Transformation / Wide: Return a new RDD containing distinct items from the original RDD (omitting all duplicates)

![](http://i.imgur.com/Vqgy2a4.png)

In [None]:
rdd = sc.parallelize([1,2,3,3,4,5,10,5,5,5,2,2,2])
rdd.distinct().collect()

[4, 1, 5, 2, 10, 3]

In [None]:
txtrdd_flat = text_rdd.flatMap(lambda line : line.split())

In [None]:
txtrdd_flat.collect()

['first',
 'second',
 'line',
 'the',
 'third',
 'line',
 'then',
 'a',
 'fourth',
 'line']

In [None]:
txtrdd_flat.distinct().collect()

['line', 'third', 'fourth', 'first', 'second', 'the', 'then', 'a']

### KeyBy

Transformation / Narrow: Create a Pair RDD, forming one pair for each item in the original RDD. The pair’s key is calculated from the value via a user-supplied function.

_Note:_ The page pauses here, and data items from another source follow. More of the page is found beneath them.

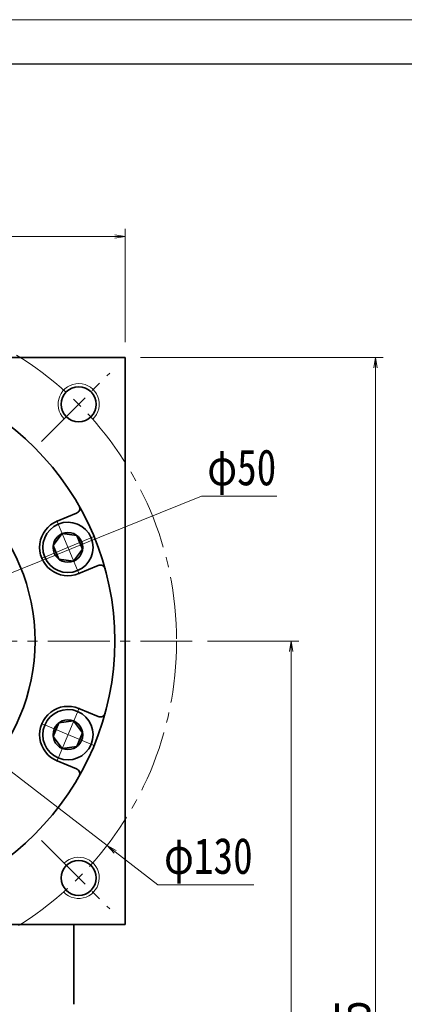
# Model space of a CAD drawing. Header units: millimetres. Extents: x -25 to 724, y -16 to 498.
# Tile 6 of 6: x 455 to 530, y 307 to 498. Entities that reach past the tile are written whole.
import ezdxf

# ---------------------------------------------------------------- set-up
doc = ezdxf.new("R2010")
doc.units = ezdxf.units.MM
doc.set_wipeout_variables(frame=1)
doc.linetypes.add('点画线', pattern=[18, 12, -2, 2, -2])
for name, color, linetype, lineweight in [('中心线层', 1, '点画线', 18), ('图框_外框线', 7, 'Continuous', 18), ('尺寸线层', 3, 'Continuous', 18), ('粗实线层', 7, 'Continuous', 35)]:
    doc.layers.add(name, color=color, linetype=linetype, lineweight=lineweight)
doc.styles.add('宋体', font='SimSun.ttf', dxfattribs={"width": 0.8})
doc.dimstyles.new('A水平标注$0', dxfattribs={"dimtxt": 3.5, "dimasz": 2, "dimexe": 1.5, "dimexo": 3, "dimgap": 1.1, "dimtad": 1, "dimtoh": 1, "dimdec": 4, "dimdsep": 46, "dimtxsty": '宋体', "dimblk": 'OPEN', "dimcen": 3, "dimclrd": 3, "dimclre": 3, "dimclrt": 6, "dimadec": 0, "dimazin": 0, "dimtm": 1e-09, "dimtfac": 1, "dimtdec": 4, "dimtix": 1, "dimtmove": 0, "dimatfit": 3, "dimldrblk": 'OPEN', "dimfxl": 0, "dimlwd": 13, "dimlwe": 13, "dimarcsym": 0})
doc.dimstyles.new('D直径标注φ25', dxfattribs={"dimtxt": 3.5, "dimasz": 2, "dimexe": 1, "dimexo": 3, "dimtad": 1, "dimtoh": 1, "dimdec": 1, "dimdsep": 46, "dimtxsty": '宋体', "dimblk": 'OPEN', "dimcen": 3, "dimclrd": 3, "dimclre": 3, "dimclrt": 130, "dimadec": 0, "dimazin": 0, "dimtm": 1e-09, "dimtfac": 1, "dimtdec": 1, "dimtmove": 0, "dimatfit": 0, "dimldrblk": 'OPEN', "dimfxl": 0, "dimlwd": 13, "dimlwe": 13, "dimarcsym": 0})

# ---------------------------------------------------------------- blocks, each defined once
blk = doc.blocks.new('_Open')
at = {"color": 0, "linetype": 'ByBlock', "lineweight": -2}
for p, q in [((-1, 0.167), (0, 0)), ((-1, -0.167), (0, 0)), ((0, 0), (-1, 0))]:
    blk.add_line(p, q, dxfattribs=at)
blk = doc.blocks.new('*D25')
at = {"layer": 'Defpoints', "color": 0, "transparency": 16777216}
for p in [(475.71, 455.79), (365.71, 432.29), (475.71, 432.29)]:
    blk.add_point(p, dxfattribs=at)
at = {"layer": '尺寸线层', "color": 3, "lineweight": 13, "transparency": 16777216}
for p, q in [((365.71, 435.29), (365.71, 457.29)), ((475.71, 435.29), (475.71, 457.29)), ((367.71, 455.79), (473.71, 455.79))]:
    blk.add_line(p, q, dxfattribs=at)
at = {"layer": '尺寸线层', "color": 3, "lineweight": 13, "transparency": 16777216, "xscale": 2, "yscale": 2, "zscale": 2, "rotation": 180}
blk.add_blockref('_Open', (365.71, 455.79), dxfattribs=at)
at = {"layer": '尺寸线层', "color": 3, "lineweight": 13, "transparency": 16777216, "xscale": 2, "yscale": 2, "zscale": 2}
blk.add_blockref('_Open', (475.71, 455.79), dxfattribs=at)
at = {"layer": '尺寸线层', "color": 6, "transparency": 16777216, "insert": (420.71, 460.29), "char_height": 7, "attachment_point": 5, "style": '宋体', "bg_fill": 3, "box_fill_scale": 1.1, "bg_fill_color": 256, "bg_fill_true_color": 13158600, "bg_fill_transparency": 0}
blk.add_mtext('110', dxfattribs=at)
blk = doc.blocks.new('*D27')
at = {"layer": 'Defpoints', "color": 0, "transparency": 16777216}
for p in [(369.24, 416.98), (472.19, 337.59)]:
    blk.add_point(p, dxfattribs=at)
at = {"layer": '尺寸线层', "color": 3, "lineweight": 13, "transparency": 16777216}
for p, q in [((367.66, 418.2), (366.07, 419.43)), ((369.24, 416.98), (472.19, 337.59)), ((473.77, 336.37), (482.05, 329.99)), ((482.05, 329.99), (500.72, 329.99))]:
    blk.add_line(p, q, dxfattribs=at)
at = {"layer": '尺寸线层', "color": 3, "lineweight": 13, "transparency": 16777216, "xscale": 2, "yscale": 2, "zscale": 2}
for p, rotation in [((369.24, 416.98), 322.3614760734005), ((472.19, 337.59), 142.3614760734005)]:
    blk.add_blockref('_Open', p, dxfattribs=dict(at, rotation=rotation))
at = {"layer": '尺寸线层', "color": 130, "transparency": 16777216, "insert": (491.88, 334.65), "char_height": 7, "attachment_point": 5, "style": '宋体'}
blk.add_mtext('φ130', dxfattribs=at)
blk = doc.blocks.new('*X6')
at = {"layer": '中心线层', "linetype": '点画线', "lineweight": 18}
for p, q in [((0, -5.64), (0, 5.64)), ((-5.64, 0), (5.64, 0))]:
    blk.add_line(p, q, dxfattribs=at)
at = {"layer": '粗实线层'}
for p, q in [((-2.89, 0), (-1.44, 2.5)), ((-1.44, 2.5), (1.44, 2.5)), ((2.89, 0), (1.44, 2.5)), ((2.89, 0), (1.44, 2.5)), ((-2.89, 0), (-1.44, -2.5)), ((2.89, 0), (1.44, -2.5)), ((-1.44, -2.5), (1.44, -2.5))]:
    blk.add_line(p, q, dxfattribs=at)
blk.add_circle((0, 0), 2.89, dxfattribs=at)
for start, end in [(0, 180), (180, 360)]:
    blk.add_arc((0, 0), 4.89, start, end, dxfattribs=at)
blk = doc.blocks.new('*D28')
at = {"layer": 'Defpoints', "color": 0, "transparency": 16777216}
for p in [(443.9, 386.63), (397.52, 367.95)]:
    blk.add_point(p, dxfattribs=at)
at = {"layer": '尺寸线层', "color": 3, "lineweight": 13, "transparency": 16777216}
for p, q in [((445.76, 387.37), (490.54, 405.4)), ((490.54, 405.4), (505.21, 405.4)), ((397.52, 367.95), (443.9, 386.63)), ((395.67, 367.2), (393.81, 366.46))]:
    blk.add_line(p, q, dxfattribs=at)
at = {"layer": '尺寸线层', "color": 3, "lineweight": 13, "transparency": 16777216, "xscale": 2, "yscale": 2, "zscale": 2}
for p, rotation in [((443.9, 386.63), 201.9294855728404), ((397.52, 367.95), 21.92948557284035)]:
    blk.add_blockref('_Open', p, dxfattribs=dict(at, rotation=rotation))
at = {"layer": '尺寸线层', "color": 130, "transparency": 16777216, "insert": (498.37, 410.06), "char_height": 7, "attachment_point": 5, "style": '宋体'}
blk.add_mtext('φ50', dxfattribs=at)
blk = doc.blocks.new('*D9')
at = {"layer": 'Defpoints', "color": 0, "transparency": 16777216}
for p in [(488.71, 377.29), (507.97, 377.29), (465.31, 163.79)]:
    blk.add_point(p, dxfattribs=at)
at = {"layer": '尺寸线层', "color": 3, "lineweight": 13, "transparency": 16777216}
for p, q in [((491.71, 377.29), (509.47, 377.29)), ((507.97, 165.79), (507.97, 375.29)), ((468.31, 163.79), (509.47, 163.79))]:
    blk.add_line(p, q, dxfattribs=at)
at = {"layer": '尺寸线层', "color": 3, "lineweight": 13, "transparency": 16777216, "xscale": 2, "yscale": 2, "zscale": 2}
for p, rotation in [((507.97, 377.29), 90), ((507.97, 163.79), 270)]:
    blk.add_blockref('_Open', p, dxfattribs=dict(at, rotation=rotation))
at = {"layer": '尺寸线层', "color": 6, "transparency": 16777216, "insert": (503.47, 270.54), "char_height": 7, "attachment_point": 5, "rotation": 90, "style": '宋体', "bg_fill": 3, "box_fill_scale": 1.1, "bg_fill_color": 256, "bg_fill_true_color": 13158600, "bg_fill_transparency": 0}
blk.add_mtext('213.5', dxfattribs=at)
blk = doc.blocks.new('*D10')
at = {"layer": 'Defpoints', "color": 0, "transparency": 16777216}
for p in [(475.71, 432.29), (524.33, 432.29), (465.31, 163.79)]:
    blk.add_point(p, dxfattribs=at)
at = {"layer": '尺寸线层', "color": 3, "lineweight": 13, "transparency": 16777216}
for p, q in [((478.71, 432.29), (525.83, 432.29)), ((524.33, 165.79), (524.33, 430.29)), ((468.31, 163.79), (525.83, 163.79))]:
    blk.add_line(p, q, dxfattribs=at)
at = {"layer": '尺寸线层', "color": 3, "lineweight": 13, "transparency": 16777216, "xscale": 2, "yscale": 2, "zscale": 2}
for p, rotation in [((524.33, 432.29), 90), ((524.33, 163.79), 270)]:
    blk.add_blockref('_Open', p, dxfattribs=dict(at, rotation=rotation))
at = {"layer": '尺寸线层', "color": 6, "transparency": 16777216, "insert": (519.83, 298.04), "char_height": 7, "attachment_point": 5, "rotation": 90, "style": '宋体', "bg_fill": 3, "box_fill_scale": 1.1, "bg_fill_color": 256, "bg_fill_true_color": 13158600, "bg_fill_transparency": 0}
blk.add_mtext('268.5', dxfattribs=at)

msp = doc.modelspace()

# ---------------------------------------------------------------- linework, layer by layer
at = {"layer": '中心线层'}
for p, q in [((459.43322, 416.00843), (472.70936, 429.28457)), ((459.43322, 416.00843), (472.70936, 429.28457)), ((352.7132, 377.28841), (488.7132, 377.28841)), ((459.43322, 338.5684), (472.70936, 325.29226)), ((459.43322, 338.5684), (472.70936, 325.29226))]:
    msp.add_line(p, q, dxfattribs=at)
msp.add_circle((420.7132, 377.28841), 65, dxfattribs=at)
at = {"layer": '粗实线层'}
for p, q in [((365.7132, 432.28841), (475.7132, 432.28841)), ((475.7132, 432.28841), (475.7132, 322.28841)), ((462.49272, 400.54722), (466.27338, 402.11321)), ((466.70224, 390.38454), (470.4829, 391.95054)), ((466.70224, 364.19229), (470.4829, 362.62629)), ((462.49272, 354.02961), (466.27338, 352.46362)), ((475.7132, 322.28841), (365.7132, 322.28841)), ((465.7132, 306.78841), (465.7132, 322.28841))]:
    msp.add_line(p, q, dxfattribs=at)
for centre, radius in [((420.7132, 377.28841), 53), ((466.67515, 423.25036), 3.4), ((466.67515, 423.25036), 3.4), ((420.7132, 377.28841), 37.5), ((466.67515, 331.32647), 3.4), ((466.67515, 331.32647), 3.4)]:
    msp.add_circle(centre, radius, dxfattribs=at)
at = {"layer": '粗实线层', "lineweight": 18}
for centre, start, end in [((466.67515, 423.25036), 313.2367746, 225), ((466.67515, 423.25036), 313.2367746, 225), ((466.67515, 331.32647), 223.2367746, 135), ((466.67515, 331.32647), 223.2367746, 135)]:
    msp.add_arc(centre, 4, start, end, dxfattribs=at)
at = {"layer": '粗实线层'}
for centre, radius, start, end in [((465.8907, 403.03709), 1, 292.4999656, 29.6808355), ((464.59748, 395.46588), 5.5, 112.5, 292.5), ((470.86558, 391.02666), 1, 15.3191645, 112.5000344), ((464.59748, 359.11095), 5.5, 67.5, 247.5), ((470.86558, 363.55017), 1, 247.4999656, 344.6808355), ((465.8907, 351.53974), 1, 330.3191645, 67.5000344)]:
    msp.add_arc(centre, radius, start, end, dxfattribs=at)

# ---------------------------------------------------------------- dimensions: what is measured, and where the dimension line sits
at = {"layer": '尺寸线层'}
dim = msp.add_diameter_dim_2p(p1=(369.24106, 416.98247), p2=(472.18535, 337.59436), dimstyle='D直径标注φ25', override={"dimtxt": 7, "dimgap": 1, "dimpost": 'φ<>', "dimtfill": 0}, dxfattribs=at)
dim.commit()
dim.dimension.update_dxf_attribs({"geometry": '*D27', "text_midpoint": (491.88309, 329.99077), "dimtype": 163})

# ---------------------------------------------------------------- next in the draw order: dimensions: what is measured, and where the dimension line sits
dim = msp.add_linear_dim(base=(475.7132, 455.78806), p1=(365.7132, 432.28841), p2=(475.7132, 432.28841), dimstyle='A水平标注$0', override={"dimtxt": 7, "dimgap": 1, "dimdec": 1, "dimpost": '<>', "dimblk": 'Open', "dimtvp": 0.1, "dimtfill": 1, "dimtfillclr": 256}, dxfattribs=at)
dim.commit()
dim.dimension.update_dxf_attribs({"geometry": '*D25', "text_midpoint": (420.7132, 460.28806)})

# ---------------------------------------------------------------- next in the draw order: wipeouts: each hides what was drawn before it
for points in [[(466.4688, 390.94811), (466.49416, 390.95869), (466.51946, 390.96942), (466.54469, 390.98029), (466.56986, 390.9913), (466.59497, 391.00246), (466.62002, 391.01375), (466.64501, 391.02519), (466.66993, 391.03676), (466.69478, 391.04848), (466.71957, 391.06033), (466.74429, 391.07232), (466.76894, 391.08446), (466.79353, 391.09673), (466.81804, 391.10913), (466.84249, 391.12168), (466.86686, 391.13436), (466.89116, 391.14718), (466.91539, 391.16014), (466.93955, 391.17323), (466.96363, 391.18646), (466.98764, 391.19982), (467.01158, 391.21332), (467.03543, 391.22695), (467.05921, 391.24072), (467.08291, 391.25461), (467.10654, 391.26865), (467.13008, 391.28281), (467.15355, 391.29711), (467.17693, 391.31154), (467.20023, 391.3261), (467.20023, 391.3261), (467.39082, 391.45223), (467.5753, 391.58713), (467.75328, 391.7305), (467.92436, 391.88203), (468.08818, 392.04139), (468.24437, 392.20823), (468.3926, 392.38218), (468.53254, 392.56287), (468.66388, 392.7499), (468.78634, 392.94287), (468.89965, 393.14134), (469.00356, 393.3449), (469.09785, 393.55308), (469.18231, 393.76545), (469.25675, 393.98152), (469.32102, 394.20084), (469.37497, 394.42293), (469.41848, 394.64729), (469.45146, 394.87344), (469.47384, 395.10088), (469.48557, 395.32913), (469.48662, 395.55767), (469.47699, 395.786), (469.45671, 396.01364), (469.42581, 396.24009), (469.38436, 396.46484), (469.33245, 396.68741), (469.27021, 396.90731), (469.19776, 397.12407), (469.11525, 397.3372), (469.11525, 397.3372), (469.02288, 397.54624), (468.92085, 397.75074), (468.80937, 397.95025), (468.68869, 398.14434), (468.55907, 398.33257), (468.4208, 398.51454), (468.27418, 398.68985), (468.11953, 398.85812), (467.95718, 399.01898), (467.7875, 399.17207), (467.61085, 399.31708), (467.42761, 399.45367), (467.2382, 399.58155), (467.04301, 399.70044), (466.84249, 399.81008), (466.63706, 399.91023), (466.42717, 400.00067), (466.21329, 400.08121), (465.99588, 400.15166), (465.77541, 400.21188), (465.55238, 400.26174), (465.32725, 400.30112), (465.10053, 400.32993), (464.87272, 400.34813), (464.6443, 400.35565), (464.41578, 400.3525), (464.18765, 400.33867), (463.96042, 400.3142), (463.73459, 400.27914), (463.51064, 400.23357), (463.51064, 400.23357), (463.48386, 400.22738), (463.45713, 400.22105), (463.43043, 400.21457), (463.40376, 400.20794), (463.37714, 400.20116), (463.35055, 400.19422), (463.324, 400.18714), (463.29749, 400.17991), (463.27102, 400.17253), (463.2446, 400.16501), (463.21822, 400.15733), (463.19188, 400.14951), (463.16558, 400.14153), (463.13933, 400.13341), (463.11313, 400.12515), (463.08697, 400.11673), (463.06086, 400.10817), (463.0348, 400.09947), (463.00879, 400.09061), (462.98283, 400.08161), (462.95692, 400.07247), (462.93106, 400.06318), (462.90526, 400.05374), (462.87951, 400.04416), (462.85381, 400.03443), (462.82817, 400.02456), (462.80258, 400.01455), (462.77705, 400.00439), (462.75158, 399.99409), (462.72616, 399.98365), (462.72616, 399.98365), (462.49228, 399.87952), (462.26418, 399.76329), (462.04246, 399.63529), (461.82776, 399.49585), (461.62064, 399.34538), (461.42168, 399.18426), (461.23143, 399.01296), (461.0504, 398.83193), (460.8791, 398.64168), (460.71798, 398.44272), (460.56751, 398.2356), (460.42807, 398.0209), (460.30007, 397.79918), (460.18384, 397.57108), (460.07971, 397.3372), (459.98797, 397.09819), (459.90885, 396.85471), (459.84259, 396.60743), (459.78937, 396.35701), (459.74932, 396.10415), (459.72256, 395.84954), (459.70916, 395.59388), (459.70916, 395.33787), (459.72256, 395.08221), (459.74932, 394.8276), (459.78937, 394.57475), (459.84259, 394.32433), (459.90885, 394.07704), (459.98797, 393.83356), (460.07971, 393.59456), (460.07971, 393.59456), (460.18384, 393.36068), (460.30007, 393.13257), (460.42807, 392.91086), (460.56751, 392.69615), (460.71798, 392.48903), (460.8791, 392.29008), (461.0504, 392.09982), (461.23143, 391.9188), (461.42168, 391.74749), (461.62064, 391.58638), (461.82776, 391.4359), (462.04246, 391.29647), (462.26418, 391.16846), (462.49228, 391.05224), (462.72616, 390.94811), (462.96517, 390.85636), (463.20865, 390.77725), (463.45593, 390.71099), (463.70635, 390.65776), (463.95921, 390.61771), (464.21382, 390.59095), (464.46948, 390.57755), (464.72549, 390.57755), (464.98115, 390.59095), (465.23576, 390.61771), (465.48861, 390.65776), (465.73903, 390.71099), (465.98632, 390.77725), (466.2298, 390.85636)], [(462.72616, 354.59318), (462.75158, 354.58274), (462.77705, 354.57244), (462.80258, 354.56228), (462.82817, 354.55227), (462.85381, 354.5424), (462.87951, 354.53267), (462.90526, 354.52309), (462.93106, 354.51365), (462.95692, 354.50436), (462.98283, 354.49522), (463.00879, 354.48622), (463.0348, 354.47736), (463.06086, 354.46866), (463.08697, 354.4601), (463.11313, 354.45168), (463.13933, 354.44341), (463.16558, 354.4353), (463.19188, 354.42732), (463.21822, 354.4195), (463.2446, 354.41182), (463.27102, 354.4043), (463.29749, 354.39692), (463.324, 354.38969), (463.35055, 354.38261), (463.37714, 354.37567), (463.40376, 354.36889), (463.43043, 354.36226), (463.45713, 354.35578), (463.48386, 354.34944), (463.51064, 354.34326), (463.51064, 354.34326), (463.73459, 354.29769), (463.96042, 354.26263), (464.18765, 354.23816), (464.41578, 354.22433), (464.6443, 354.22118), (464.87272, 354.2287), (465.10053, 354.2469), (465.32725, 354.27571), (465.55238, 354.31509), (465.77541, 354.36495), (465.99588, 354.42517), (466.21329, 354.49562), (466.42717, 354.57616), (466.63706, 354.6666), (466.84249, 354.76675), (467.04301, 354.87639), (467.2382, 354.99528), (467.42761, 355.12316), (467.61085, 355.25975), (467.7875, 355.40476), (467.95718, 355.55785), (468.11953, 355.71871), (468.27418, 355.88698), (468.4208, 356.06229), (468.55907, 356.24426), (468.68869, 356.43249), (468.80937, 356.62658), (468.92085, 356.82609), (469.02288, 357.03059), (469.11525, 357.23963), (469.11525, 357.23963), (469.19776, 357.45276), (469.27021, 357.66952), (469.33245, 357.88942), (469.38436, 358.11199), (469.42581, 358.33674), (469.45671, 358.56318), (469.47699, 358.79082), (469.48662, 359.01916), (469.48557, 359.2477), (469.47384, 359.47595), (469.45146, 359.70339), (469.41848, 359.92954), (469.37497, 360.1539), (469.32102, 360.37598), (469.25675, 360.59531), (469.18231, 360.81138), (469.09785, 361.02375), (469.00356, 361.23193), (468.89965, 361.43549), (468.78634, 361.63396), (468.66388, 361.82693), (468.53254, 362.01396), (468.3926, 362.19465), (468.24437, 362.3686), (468.08818, 362.53544), (467.92436, 362.6948), (467.75328, 362.84633), (467.5753, 362.9897), (467.39082, 363.1246), (467.20023, 363.25073), (467.20023, 363.25073), (467.17693, 363.26529), (467.15355, 363.27972), (467.13008, 363.29402), (467.10654, 363.30818), (467.08291, 363.32221), (467.05921, 363.33611), (467.03543, 363.34988), (467.01158, 363.36351), (466.98764, 363.37701), (466.96363, 363.39037), (466.93955, 363.4036), (466.91539, 363.41669), (466.89116, 363.42965), (466.86686, 363.44247), (466.84249, 363.45515), (466.81804, 363.4677), (466.79353, 363.4801), (466.76894, 363.49237), (466.74429, 363.50451), (466.71957, 363.5165), (466.69478, 363.52835), (466.66993, 363.54007), (466.64501, 363.55164), (466.62002, 363.56308), (466.59497, 363.57437), (466.56986, 363.58553), (466.54469, 363.59654), (466.51946, 363.60741), (466.49416, 363.61814), (466.4688, 363.62872), (466.4688, 363.62872), (466.2298, 363.72047), (465.98632, 363.79958), (465.73903, 363.86584), (465.48861, 363.91907), (465.23576, 363.95912), (464.98115, 363.98588), (464.72549, 363.99928), (464.46948, 363.99928), (464.21382, 363.98588), (463.95921, 363.95912), (463.70635, 363.91907), (463.45593, 363.86584), (463.20865, 363.79958), (462.96517, 363.72047), (462.72616, 363.62872), (462.49228, 363.52459), (462.26418, 363.40837), (462.04246, 363.28036), (461.82776, 363.14093), (461.62064, 362.99045), (461.42168, 362.82934), (461.23143, 362.65803), (461.0504, 362.47701), (460.8791, 362.28675), (460.71798, 362.08779), (460.56751, 361.88068), (460.42807, 361.66597), (460.30007, 361.44426), (460.18384, 361.21615), (460.07971, 360.98227), (460.07971, 360.98227), (459.98797, 360.74327), (459.90885, 360.49979), (459.84259, 360.2525), (459.78937, 360.00208), (459.74932, 359.74922), (459.72256, 359.49462), (459.70916, 359.23896), (459.70916, 358.98295), (459.72256, 358.72729), (459.74932, 358.47268), (459.78937, 358.21982), (459.84259, 357.9694), (459.90885, 357.72212), (459.98797, 357.47864), (460.07971, 357.23963), (460.18384, 357.00575), (460.30007, 356.77765), (460.42807, 356.55593), (460.56751, 356.34123), (460.71798, 356.13411), (460.8791, 355.93515), (461.0504, 355.7449), (461.23143, 355.56387), (461.42168, 355.39257), (461.62064, 355.23145), (461.82776, 355.08097), (462.04246, 354.94154), (462.26418, 354.81354), (462.49228, 354.69731)]]:
    msp.add_wipeout(points).dxf.layer = '粗实线层'

# ---------------------------------------------------------------- next in the draw order: linework, layer by layer
at = {"layer": '图框_外框线', "color": 3}
msp.add_lwpolyline([(-21.00969, -15.6975), (705.25618, -15.6975), (705.25618, 497.87622), (-21.00969, 497.87622)], close=True, dxfattribs=at)
at = {"layer": '图框_外框线', "color": 3, "lineweight": 25}
msp.add_lwpolyline([(22.22043, -7.05148), (696.61016, -7.05148), (696.61016, 489.2302), (22.22043, 489.2302)], close=True, dxfattribs=at)

# ---------------------------------------------------------------- next in the draw order: block references
at = {"layer": '粗实线层'}
for p, rotation in [((464.59748, 395.46588), 292.5000000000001), ((464.59748, 359.11095), 247.5000000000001)]:
    msp.add_blockref('*X6', p, dxfattribs=dict(at, rotation=rotation))

# ---------------------------------------------------------------- next in the draw order: dimensions: what is measured, and where the dimension line sits
at = {"layer": '尺寸线层'}
dim = msp.add_diameter_dim_2p(p1=(397.5221, 367.95178), p2=(443.90431, 386.62504), dimstyle='D直径标注φ25', override={"dimtxt": 7, "dimgap": 1, "dimpost": 'φ<>', "dimtfill": 0}, dxfattribs=at)
dim.commit()
dim.dimension.update_dxf_attribs({"geometry": '*D28', "text_midpoint": (498.37397, 405.39964), "dimtype": 163})

# ---------------------------------------------------------------- next in the draw order: dimensions: what is measured, and where the dimension line sits
dim = msp.add_linear_dim(base=(507.97199, 377.28841), p1=(465.3132, 163.78841), p2=(488.7132, 377.28841), angle=90, dimstyle='A水平标注$0', override={"dimtxt": 7, "dimgap": 1, "dimtad": 1, "dimjust": 0, "dimdec": 1, "dimlfac": 1, "dimpost": '<>', "dimse1": 0, "dimse2": 0, "dimsd1": 0, "dimsd2": 0, "dimtofl": 1, "dimtvp": 0.1}, dxfattribs=at)
dim.commit()
dim.dimension.update_dxf_attribs({"geometry": '*D9', "text_midpoint": (503.47199, 270.53841)})

# ---------------------------------------------------------------- next in the draw order: dimensions: what is measured, and where the dimension line sits
dim = msp.add_linear_dim(base=(524.33111, 432.28841), p1=(465.3132, 163.78841), p2=(475.7132, 432.28841), angle=90, dimstyle='A水平标注$0', override={"dimtxt": 7, "dimgap": 1, "dimdec": 1, "dimpost": '<>', "dimblk": 'Open', "dimtvp": 0.1, "dimtfill": 1, "dimtfillclr": 256}, dxfattribs=at)
dim.commit()
dim.dimension.update_dxf_attribs({"geometry": '*D10', "text_midpoint": (519.83111, 298.03841)})

doc.saveas('drawing.dxf')

![](http://i.imgur.com/nqYhDW5.png)

In [None]:
rdd = sc.parallelize(['John', 'Fred', 'Anna', 'James'])
rdd.keyBy(lambda w: w[0]).collect()

[('J', 'John'), ('F', 'Fred'), ('A', 'Anna'), ('J', 'James')]

## Actions

![](http://i.imgur.com/R72uzwX.png)

In [None]:
rdd = sc.parallelize(list(range(8)))

In [None]:
rdd2 = rdd.map(lambda x:x**2)

In [None]:
rdd2.reduce(lambda a,b:a+b) # reduce is an action!

140

In [None]:
from operator import add

In [None]:
rdd2.reduce(add)

140

### Max, Min, Sum, Mean, Variance, Stdev

Action / To Driver: Compute the respective function (maximum value, minimum value, sum, mean, variance, or standard deviation) from a numeric RDD

![](http://i.imgur.com/HUCtib1.png)

In [None]:
rdd2.collect()

[0, 1, 4, 9, 16, 25, 36, 49]

In [None]:
# Using actions
print('Max: ',rdd2.max())
print('Min: ',rdd2.min())
print('Sum: ',rdd2.sum())
print('Mean: ',rdd2.mean())
print('Variance: ',rdd2.variance())
print('Stdev: ',rdd2.stdev())

Max:  49
Min:  0
Sum:  140
Mean:  17.5
Variance:  278.25000000000006
Stdev:  16.68082731761228


### CountByKey

Action / To Driver: Return a map of keys and counts of their occurrences in the RDD

![](http://i.imgur.com/jvQTGv6.png)

In [None]:
rdd = sc.parallelize([('J', 'James'), ('F','Fred'), 
                    ('A','Anna'), ('J','John')])

In [None]:
rdd.countByKey()

defaultdict(int, {'J': 2, 'F': 1, 'A': 1})

In [None]:
dic = rdd.countByKey()

In [None]:
dic

defaultdict(int, {'J': 2, 'F': 1, 'A': 1})

In [None]:
dic

defaultdict(int, {'J': 2, 'F': 1, 'A': 1})

In [None]:
dic.get('J')

2

In [None]:
dic.get('F')

1

In [None]:
# Stop the local spark cluster
sc.stop()

### Spark stages are the physical unit of execution for the computation of multiple tasks. The Spark stages are controlled by the Directed Acyclic Graph(DAG) for any data processing and transformations on the resilient distributed datasets(RDD). There are mainly two stages associated with the Spark frameworks such as, ShuffleMapStage and ResultStage. The Shuffle MapStage is the intermediate phase for the tasks which prepares data for subsequent stages, whereas resultStage is a final step to the spark function for the particular set of tasks in the spark job. ResultSet is associated with the initialization of parameter, counters and registry values in Spark.